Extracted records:
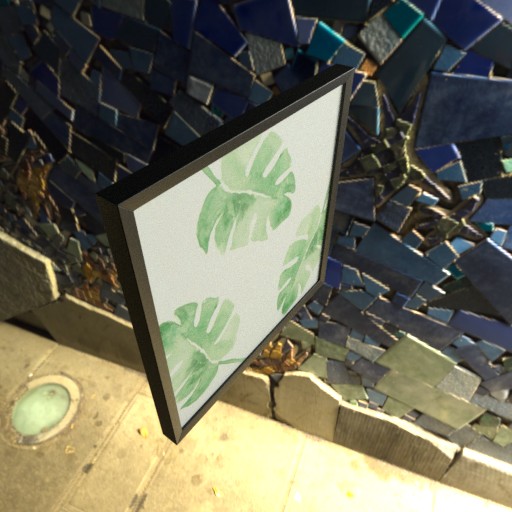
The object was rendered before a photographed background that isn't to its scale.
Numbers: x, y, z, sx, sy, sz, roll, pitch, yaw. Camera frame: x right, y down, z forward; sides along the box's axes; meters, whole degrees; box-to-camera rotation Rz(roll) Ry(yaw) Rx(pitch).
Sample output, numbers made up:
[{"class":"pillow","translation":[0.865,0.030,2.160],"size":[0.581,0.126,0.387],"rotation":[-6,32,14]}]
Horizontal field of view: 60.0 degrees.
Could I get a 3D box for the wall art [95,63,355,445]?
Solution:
[{"class":"wall art","translation":[0.000,0.000,0.768],"size":[0.036,0.508,0.508],"rotation":[26,48,27]}]
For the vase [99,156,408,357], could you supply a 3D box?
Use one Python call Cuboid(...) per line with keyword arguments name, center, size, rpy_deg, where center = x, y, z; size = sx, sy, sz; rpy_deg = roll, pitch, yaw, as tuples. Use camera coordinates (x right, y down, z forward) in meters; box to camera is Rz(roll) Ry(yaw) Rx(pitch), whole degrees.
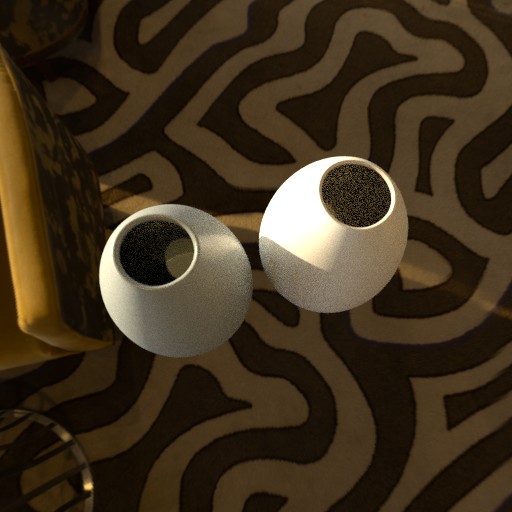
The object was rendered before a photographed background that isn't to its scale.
Cuboid(name="vase", center=(0.000, 0.000, 0.265), size=(0.187, 0.131, 0.089), rpy_deg=(-16, 76, -4))

ABOUT THIS TASK>
Write out the data above in full and exactly, but not the pictures.

OUTPUT>
The object was rendered before a photographed background that isn't to its scale.
Numbers: x, y, z, sx, sy, sz, roll, pitch, yaw. Camera frame: x right, y down, z forward; sides along the box's axes; meters, whole degrees; box-to-camera rotation Rz(roll) Ry(yaw) Rx(pitch).
Sample output, numbers made up:
[{"class":"pillow","translation":[0.865,0.030,2.160],"size":[0.581,0.126,0.387],"rotation":[-6,32,14]}]
Horizontal field of view: 60.0 degrees.
Could I get a 3D box for the wall art [95,63,355,445]?
Solution:
[{"class":"wall art","translation":[0.000,0.000,0.768],"size":[0.036,0.508,0.508],"rotation":[26,48,27]}]
For the vase [99,156,408,357], could you supply a 3D box?
Use one Python call Cuboid(...) per line with keyword arguments name, center, size, rpy_deg, where center = x, y, z; size = sx, sy, sz; rpy_deg = roll, pitch, yaw, as tuples. Use camera coordinates (x right, y down, z forward) in meters; box to camera is Rz(roll) Ry(yaw) Rx(pitch), whole degrees.
The object was rendered before a photographed background that isn't to its scale.
Cuboid(name="vase", center=(0.000, 0.000, 0.265), size=(0.187, 0.131, 0.089), rpy_deg=(-16, 76, -4))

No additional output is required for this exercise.